Here, we present a new approach that uses gene-expression data to optimize not only the pattern of hierarchical regulation, but also the level of differential gene-expression within the rigid framework of metabolic constraints placed on a system by the connectivity of the reaction network. Although our steady-state based method does not account for capacity limitations in various enzymes, and thus the beneficial, deleterious or regulatory role of metabolite concentrations, the model's adherence to conservation of mass balance and network connectivity imposes pseudo-metabolic regulation. The coupled interaction of this absolute form of metabolic control with optimal hierarchical control in gene-expression FBA (GX-FBA) improves our theoretical capabilities for analyses of a wide range of phenomena, such as cellular responses to environmental perturbations which traditionally have been considered outside the realm of FBA.
A recently published approach by Lee et al.  is also focused on using actual gene-expression levels to guide metabolic flux prediction. However, this method differs significantly from GX-FBA in that it minimizes the absolute difference between metabolic fluxes and gene-expression data from RNA-seq experiment.

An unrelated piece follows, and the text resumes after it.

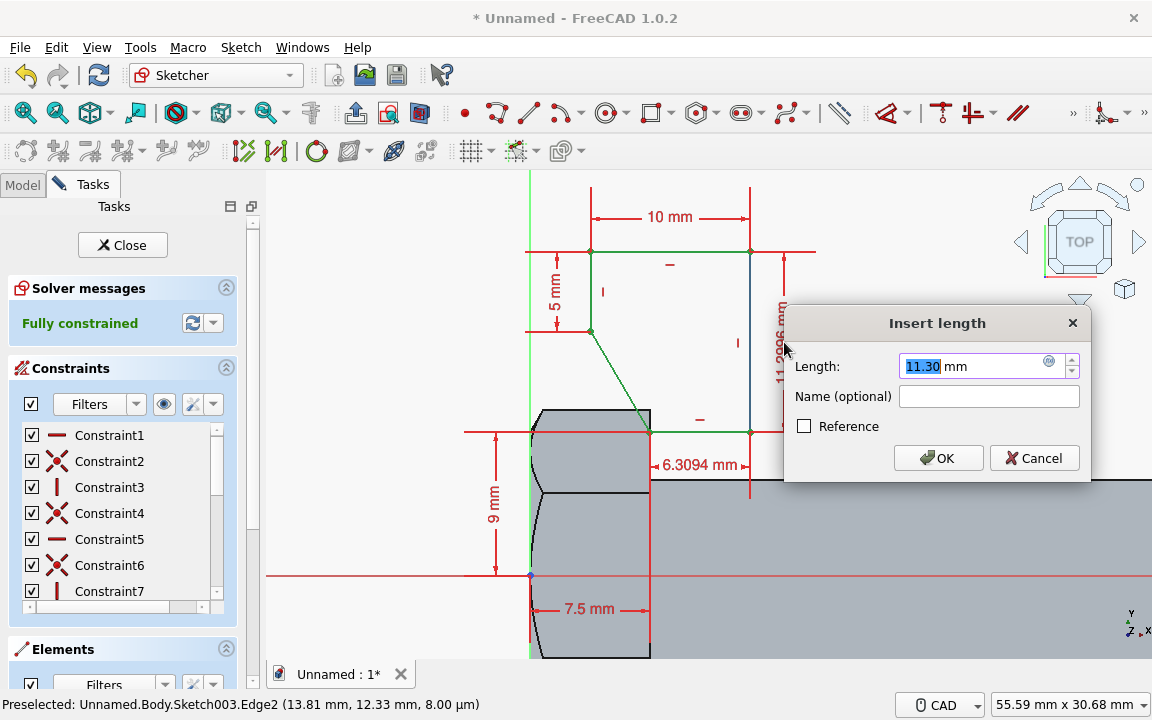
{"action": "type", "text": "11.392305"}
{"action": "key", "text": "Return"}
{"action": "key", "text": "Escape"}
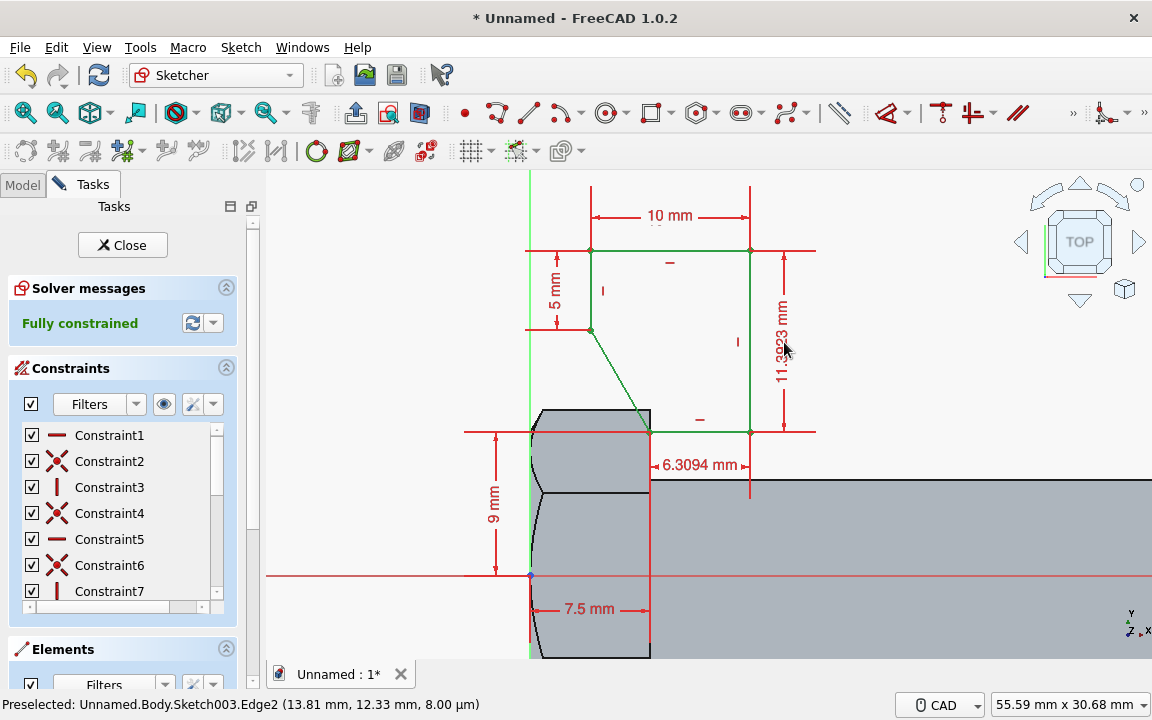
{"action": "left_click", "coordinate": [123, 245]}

To illustrate the utility of GX-FBA, we have analyzed the genome-scale metabolic model for the etiological agent of bubonic plague, the gram-negative bacterium Yersinia pestis (YP) . We have studied YP’s genome-scale metabolic response in physiologically important conditions: temperature shifts known to induce virulence in low calcium media [38, 39], as well as its response to stress induced separately by the antibiotics streptomycin and chloramphenicol. Our analyses open windows into the metabolic workings of this bacterium while it survives within macrophages following initial introduction into a mammalian host, proliferates in the blood, and attempts to resist therapeutic efforts. Our analyses indicate that majority of cellular metabolic changes associated with response to stress is unique to the type of perturbation. The only common adaptive response to all four types of stress was for YP to initiate a series of energy saving measures.